Aracá uakari
- Conservation status: Least Concern (IUCN 3.1)

Scientific classification
- Kingdom: Animalia
- Phylum: Chordata
- Class: Mammalia
- Infraclass: Placentalia
- Order: Primates
- Family: Pitheciidae
- Genus: Cacajao
- Species: C. ayresi
- Binomial name: Cacajao ayresi Boubli et al., 2008

= Aracá uakari =

- Genus: Cacajao
- Species: ayresi
- Authority: Boubli et al., 2008
- Conservation status: LC

Species of New World monkey

The Aracá uakari (Cacajao ayresi), also known as the Ayres black uakari, is a newly described species of monkey from the northwest Brazilian Amazon. It was found by Jean-Phillipe Boubli of the University of Auckland after following native Yanomamo Indians on their hunts along the Rio Aracá, a northern tributary of the Rio Negro.

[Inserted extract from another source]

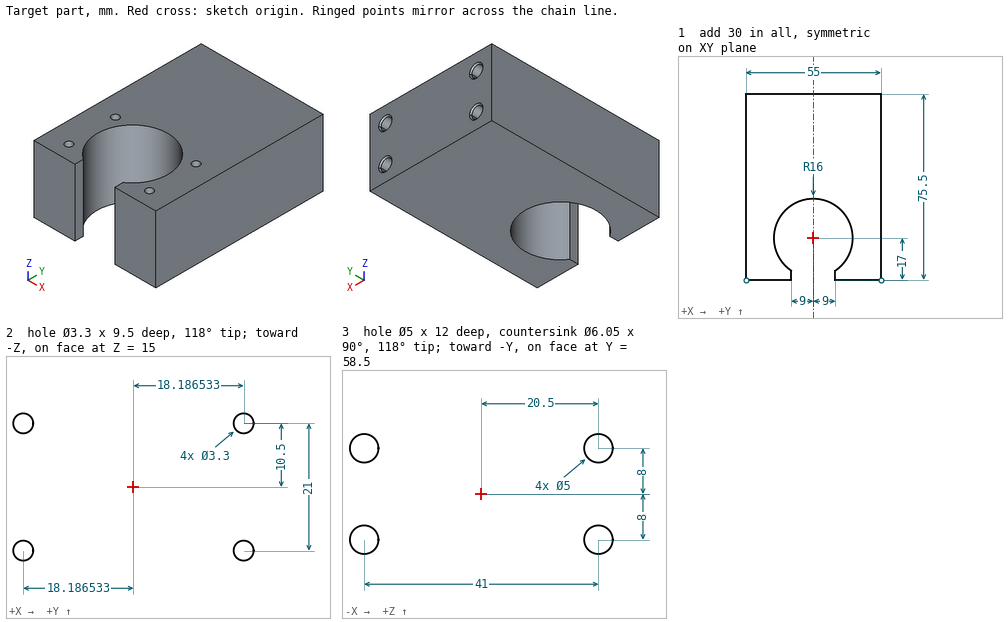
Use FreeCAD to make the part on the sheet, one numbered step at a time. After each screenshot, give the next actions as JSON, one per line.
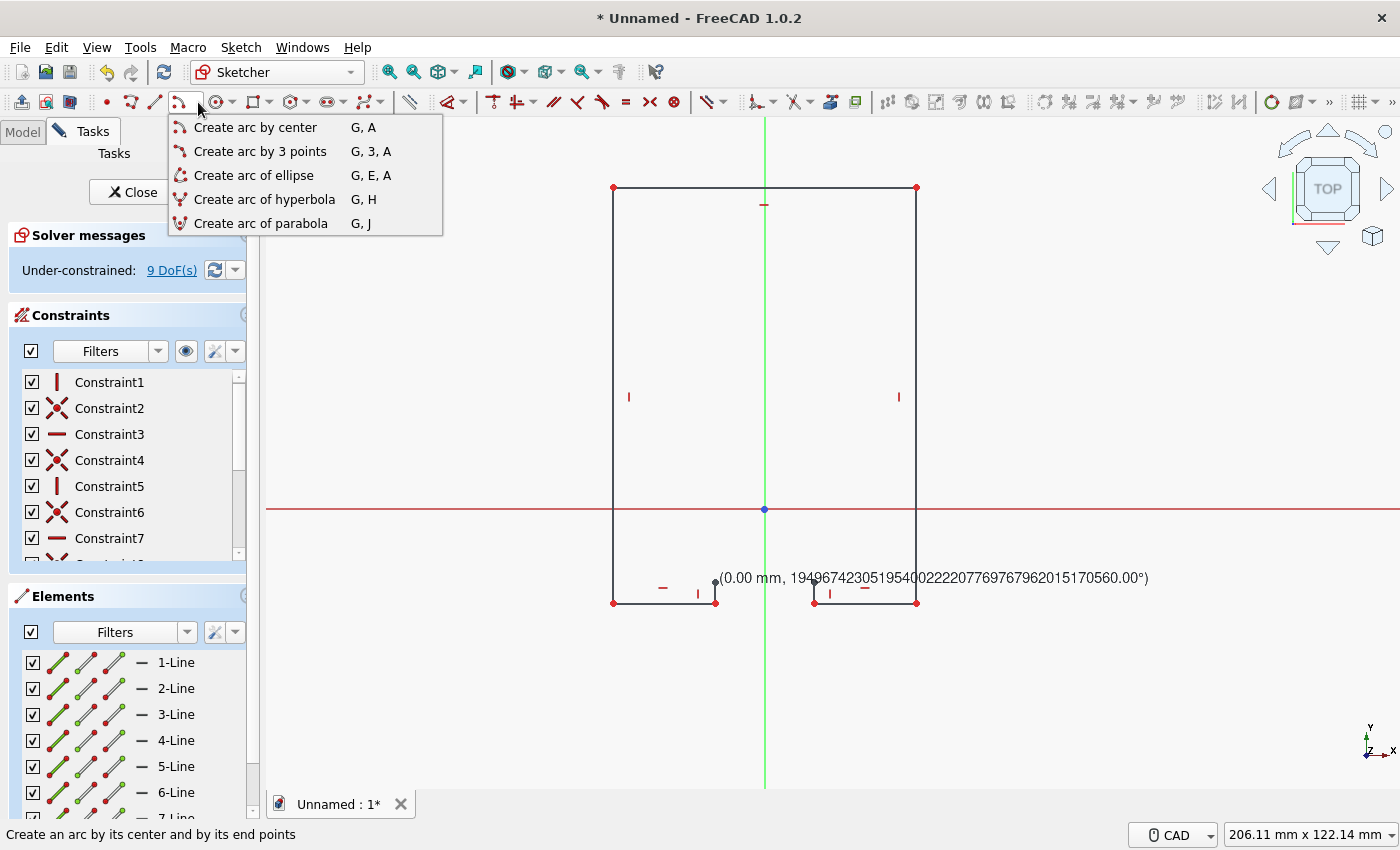
{"action": "left_click", "coordinate": [306, 151]}
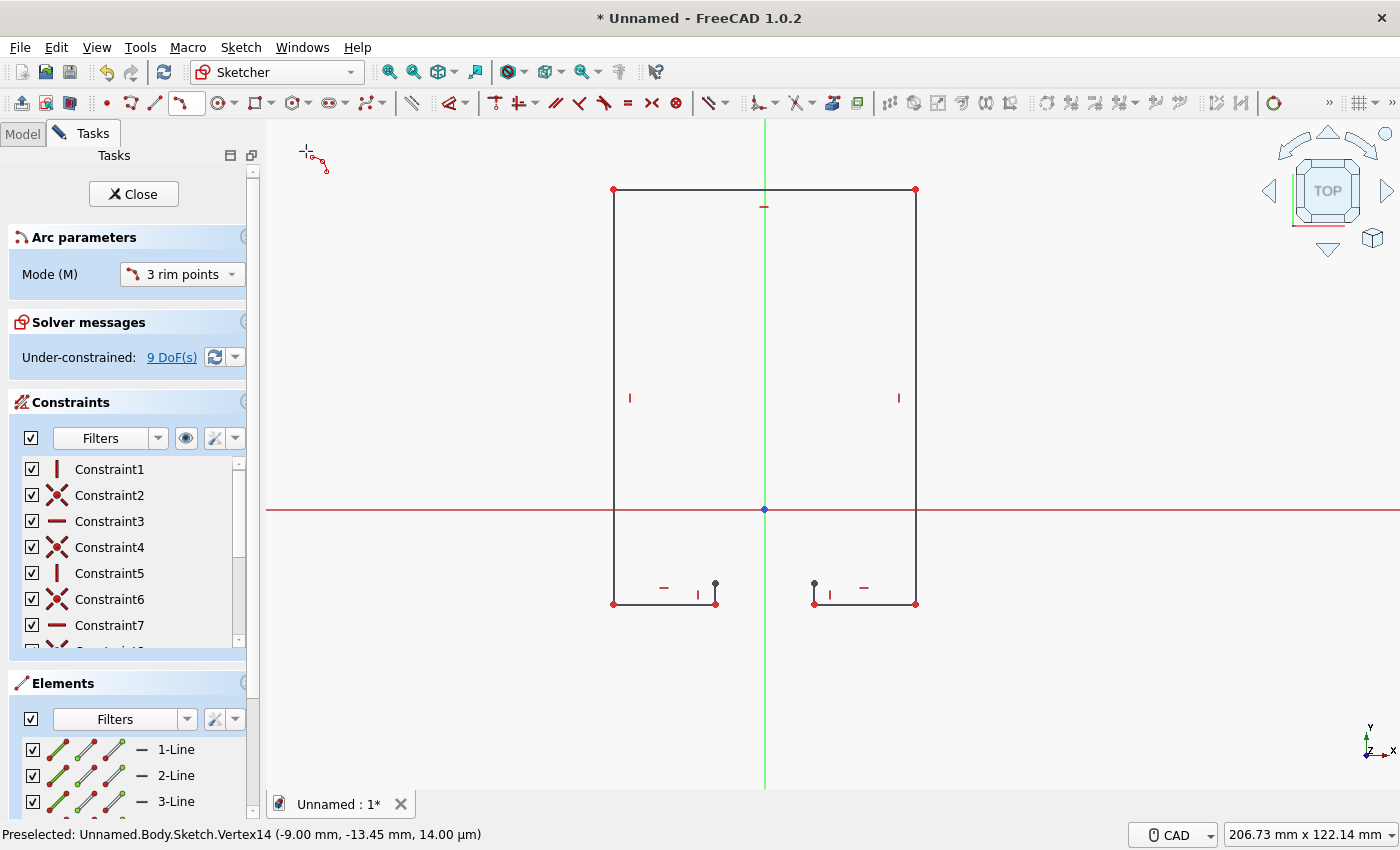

It was subsequently described in 2008 together with the more westerly distributed Neblina uakari. Until then, the black-headed uakari was the only species of mainly black uakari that was recognized. Stephen F. Ferrari et al proposed treating the Aracá uakari as a subspecies of the black-headed uakari rather than as a separate species.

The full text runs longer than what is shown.